Segment Start: Data extract

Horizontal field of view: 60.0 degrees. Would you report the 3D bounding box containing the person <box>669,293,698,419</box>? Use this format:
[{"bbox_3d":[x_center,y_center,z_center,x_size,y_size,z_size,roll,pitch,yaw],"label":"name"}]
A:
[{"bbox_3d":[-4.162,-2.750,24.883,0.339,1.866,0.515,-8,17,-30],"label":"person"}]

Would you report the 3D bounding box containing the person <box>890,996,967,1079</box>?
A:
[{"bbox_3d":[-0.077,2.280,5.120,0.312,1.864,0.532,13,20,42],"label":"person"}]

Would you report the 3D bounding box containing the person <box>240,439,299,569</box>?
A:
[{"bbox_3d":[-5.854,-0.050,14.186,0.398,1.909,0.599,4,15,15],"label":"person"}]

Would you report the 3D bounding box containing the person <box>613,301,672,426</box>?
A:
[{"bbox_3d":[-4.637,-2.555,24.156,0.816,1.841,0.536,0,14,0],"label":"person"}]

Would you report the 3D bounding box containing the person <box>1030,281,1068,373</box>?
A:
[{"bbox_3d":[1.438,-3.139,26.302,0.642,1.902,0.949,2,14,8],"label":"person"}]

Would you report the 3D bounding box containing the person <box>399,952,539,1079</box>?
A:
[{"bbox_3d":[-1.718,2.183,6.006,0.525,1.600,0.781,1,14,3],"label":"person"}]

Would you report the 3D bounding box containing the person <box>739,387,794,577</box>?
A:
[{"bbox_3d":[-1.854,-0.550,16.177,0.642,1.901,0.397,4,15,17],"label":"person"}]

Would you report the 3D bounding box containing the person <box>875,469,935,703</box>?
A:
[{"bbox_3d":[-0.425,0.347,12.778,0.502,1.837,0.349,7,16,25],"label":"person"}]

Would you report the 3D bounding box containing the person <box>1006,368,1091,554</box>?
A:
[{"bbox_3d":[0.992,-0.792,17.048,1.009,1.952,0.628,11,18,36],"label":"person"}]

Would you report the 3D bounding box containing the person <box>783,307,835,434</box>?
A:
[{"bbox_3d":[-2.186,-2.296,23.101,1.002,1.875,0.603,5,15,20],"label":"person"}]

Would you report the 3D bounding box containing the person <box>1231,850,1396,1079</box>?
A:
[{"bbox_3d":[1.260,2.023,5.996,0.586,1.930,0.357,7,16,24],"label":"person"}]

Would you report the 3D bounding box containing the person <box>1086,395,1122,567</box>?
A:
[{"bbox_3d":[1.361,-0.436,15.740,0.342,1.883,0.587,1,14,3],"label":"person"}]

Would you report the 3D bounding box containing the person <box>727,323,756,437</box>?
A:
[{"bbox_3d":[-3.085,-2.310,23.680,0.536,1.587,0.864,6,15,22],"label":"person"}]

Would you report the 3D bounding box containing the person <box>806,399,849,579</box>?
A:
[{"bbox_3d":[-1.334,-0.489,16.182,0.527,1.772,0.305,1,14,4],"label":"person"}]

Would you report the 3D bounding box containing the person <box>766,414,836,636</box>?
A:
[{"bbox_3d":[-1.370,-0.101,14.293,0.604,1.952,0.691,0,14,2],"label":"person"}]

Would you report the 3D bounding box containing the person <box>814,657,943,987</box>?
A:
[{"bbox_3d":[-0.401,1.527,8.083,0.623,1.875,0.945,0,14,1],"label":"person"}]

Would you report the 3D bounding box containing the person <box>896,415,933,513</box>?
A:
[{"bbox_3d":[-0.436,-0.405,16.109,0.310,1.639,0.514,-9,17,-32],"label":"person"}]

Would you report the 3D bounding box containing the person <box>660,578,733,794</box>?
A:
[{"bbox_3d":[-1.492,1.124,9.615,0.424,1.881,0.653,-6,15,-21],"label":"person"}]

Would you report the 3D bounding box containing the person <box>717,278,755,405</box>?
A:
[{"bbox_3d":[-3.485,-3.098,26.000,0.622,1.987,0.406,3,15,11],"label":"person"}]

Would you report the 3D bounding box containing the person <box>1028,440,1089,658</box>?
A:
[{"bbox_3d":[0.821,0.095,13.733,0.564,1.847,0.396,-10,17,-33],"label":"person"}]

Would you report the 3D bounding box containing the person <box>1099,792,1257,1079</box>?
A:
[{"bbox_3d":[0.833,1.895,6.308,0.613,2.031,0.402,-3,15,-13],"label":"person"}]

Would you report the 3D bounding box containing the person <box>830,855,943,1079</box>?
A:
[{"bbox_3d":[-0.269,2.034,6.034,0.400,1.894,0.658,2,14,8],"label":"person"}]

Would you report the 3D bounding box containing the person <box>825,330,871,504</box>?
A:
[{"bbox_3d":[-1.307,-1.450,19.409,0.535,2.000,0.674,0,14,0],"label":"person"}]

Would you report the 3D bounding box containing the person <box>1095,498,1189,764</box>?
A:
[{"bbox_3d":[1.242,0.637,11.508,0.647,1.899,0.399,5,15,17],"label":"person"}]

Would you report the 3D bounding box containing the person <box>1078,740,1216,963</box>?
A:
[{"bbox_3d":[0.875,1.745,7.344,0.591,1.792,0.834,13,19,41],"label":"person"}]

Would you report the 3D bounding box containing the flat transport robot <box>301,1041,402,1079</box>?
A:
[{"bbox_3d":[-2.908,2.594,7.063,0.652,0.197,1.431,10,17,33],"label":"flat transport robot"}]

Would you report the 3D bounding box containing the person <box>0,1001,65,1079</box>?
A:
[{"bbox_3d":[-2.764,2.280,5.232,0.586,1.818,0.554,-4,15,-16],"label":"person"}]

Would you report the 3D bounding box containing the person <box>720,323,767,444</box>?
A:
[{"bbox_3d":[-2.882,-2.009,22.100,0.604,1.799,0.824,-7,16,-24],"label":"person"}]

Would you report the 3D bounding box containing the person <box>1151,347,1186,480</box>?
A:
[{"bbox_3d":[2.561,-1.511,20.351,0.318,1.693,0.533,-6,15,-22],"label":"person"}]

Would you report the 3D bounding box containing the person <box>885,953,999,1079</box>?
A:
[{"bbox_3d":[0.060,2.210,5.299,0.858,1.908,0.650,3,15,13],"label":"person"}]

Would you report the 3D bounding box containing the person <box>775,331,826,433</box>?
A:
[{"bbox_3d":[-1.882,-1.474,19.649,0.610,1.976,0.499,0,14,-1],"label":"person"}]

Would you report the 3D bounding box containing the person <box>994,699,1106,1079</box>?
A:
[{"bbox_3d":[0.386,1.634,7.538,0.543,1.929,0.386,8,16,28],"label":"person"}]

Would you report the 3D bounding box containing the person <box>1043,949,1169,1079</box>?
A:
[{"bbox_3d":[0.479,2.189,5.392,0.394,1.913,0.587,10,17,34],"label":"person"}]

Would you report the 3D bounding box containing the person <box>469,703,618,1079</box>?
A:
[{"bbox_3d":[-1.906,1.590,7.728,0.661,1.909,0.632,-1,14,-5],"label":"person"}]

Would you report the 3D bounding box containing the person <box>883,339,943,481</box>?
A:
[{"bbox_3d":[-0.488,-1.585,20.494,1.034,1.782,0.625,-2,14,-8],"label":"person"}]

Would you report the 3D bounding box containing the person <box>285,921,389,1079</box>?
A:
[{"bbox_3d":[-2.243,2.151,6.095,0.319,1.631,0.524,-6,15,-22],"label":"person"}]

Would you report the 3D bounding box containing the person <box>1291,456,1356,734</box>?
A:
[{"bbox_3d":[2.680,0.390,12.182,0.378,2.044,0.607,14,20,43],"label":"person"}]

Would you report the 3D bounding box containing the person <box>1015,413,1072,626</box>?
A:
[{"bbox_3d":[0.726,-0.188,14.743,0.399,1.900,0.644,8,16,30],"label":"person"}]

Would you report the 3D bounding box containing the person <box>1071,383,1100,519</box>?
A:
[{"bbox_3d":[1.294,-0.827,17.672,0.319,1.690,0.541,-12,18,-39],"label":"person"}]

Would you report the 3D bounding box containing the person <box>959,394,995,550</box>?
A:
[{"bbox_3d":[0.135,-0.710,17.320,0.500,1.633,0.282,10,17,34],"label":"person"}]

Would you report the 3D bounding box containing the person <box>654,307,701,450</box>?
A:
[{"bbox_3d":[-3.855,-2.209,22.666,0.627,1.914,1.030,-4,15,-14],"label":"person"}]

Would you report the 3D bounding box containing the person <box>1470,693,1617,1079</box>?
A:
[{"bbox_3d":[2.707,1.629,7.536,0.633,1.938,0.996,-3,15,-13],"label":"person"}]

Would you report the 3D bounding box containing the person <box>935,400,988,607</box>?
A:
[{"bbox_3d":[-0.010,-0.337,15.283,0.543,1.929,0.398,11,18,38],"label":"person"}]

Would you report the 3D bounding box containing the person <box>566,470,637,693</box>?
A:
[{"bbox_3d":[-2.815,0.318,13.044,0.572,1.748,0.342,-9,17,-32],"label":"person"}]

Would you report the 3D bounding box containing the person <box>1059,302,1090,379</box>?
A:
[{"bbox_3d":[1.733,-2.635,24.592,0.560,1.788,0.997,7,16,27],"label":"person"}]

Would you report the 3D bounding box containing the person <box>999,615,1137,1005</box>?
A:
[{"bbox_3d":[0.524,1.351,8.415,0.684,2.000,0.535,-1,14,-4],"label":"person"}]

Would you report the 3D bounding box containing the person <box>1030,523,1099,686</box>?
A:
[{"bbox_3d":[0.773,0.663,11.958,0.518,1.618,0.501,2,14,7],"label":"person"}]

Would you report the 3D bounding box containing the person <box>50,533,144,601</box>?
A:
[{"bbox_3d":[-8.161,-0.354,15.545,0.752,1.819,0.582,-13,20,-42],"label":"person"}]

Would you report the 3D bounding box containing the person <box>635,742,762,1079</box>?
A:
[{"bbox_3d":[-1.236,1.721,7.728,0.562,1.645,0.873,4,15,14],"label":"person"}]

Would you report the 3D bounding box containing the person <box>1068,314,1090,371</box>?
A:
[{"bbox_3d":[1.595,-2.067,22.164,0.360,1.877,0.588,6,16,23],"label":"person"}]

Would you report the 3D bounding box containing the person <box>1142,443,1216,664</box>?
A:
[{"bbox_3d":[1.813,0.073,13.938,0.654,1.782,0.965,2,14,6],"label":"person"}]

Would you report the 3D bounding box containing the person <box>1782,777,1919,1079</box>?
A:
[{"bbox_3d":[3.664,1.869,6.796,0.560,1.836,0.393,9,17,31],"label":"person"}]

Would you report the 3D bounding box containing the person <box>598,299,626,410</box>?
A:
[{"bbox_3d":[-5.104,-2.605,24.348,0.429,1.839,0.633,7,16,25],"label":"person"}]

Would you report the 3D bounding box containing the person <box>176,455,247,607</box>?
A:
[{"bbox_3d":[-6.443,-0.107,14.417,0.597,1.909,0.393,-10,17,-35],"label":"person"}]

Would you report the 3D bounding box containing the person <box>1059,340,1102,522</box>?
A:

Segment End: Data extract

▸ **Required work**
Output exactly the span of lines beginning at the first line of the records and ending at the line that holds "the person <box>739,387,794,577</box>?", inclusive, with no other text.

▸ **Result of the task**
Horizontal field of view: 60.0 degrees. Would you report the 3D bounding box containing the person <box>669,293,698,419</box>? Use this format:
[{"bbox_3d":[x_center,y_center,z_center,x_size,y_size,z_size,roll,pitch,yaw],"label":"name"}]
A:
[{"bbox_3d":[-4.162,-2.750,24.883,0.339,1.866,0.515,-8,17,-30],"label":"person"}]

Would you report the 3D bounding box containing the person <box>890,996,967,1079</box>?
A:
[{"bbox_3d":[-0.077,2.280,5.120,0.312,1.864,0.532,13,20,42],"label":"person"}]

Would you report the 3D bounding box containing the person <box>240,439,299,569</box>?
A:
[{"bbox_3d":[-5.854,-0.050,14.186,0.398,1.909,0.599,4,15,15],"label":"person"}]

Would you report the 3D bounding box containing the person <box>613,301,672,426</box>?
A:
[{"bbox_3d":[-4.637,-2.555,24.156,0.816,1.841,0.536,0,14,0],"label":"person"}]

Would you report the 3D bounding box containing the person <box>1030,281,1068,373</box>?
A:
[{"bbox_3d":[1.438,-3.139,26.302,0.642,1.902,0.949,2,14,8],"label":"person"}]

Would you report the 3D bounding box containing the person <box>399,952,539,1079</box>?
A:
[{"bbox_3d":[-1.718,2.183,6.006,0.525,1.600,0.781,1,14,3],"label":"person"}]

Would you report the 3D bounding box containing the person <box>739,387,794,577</box>?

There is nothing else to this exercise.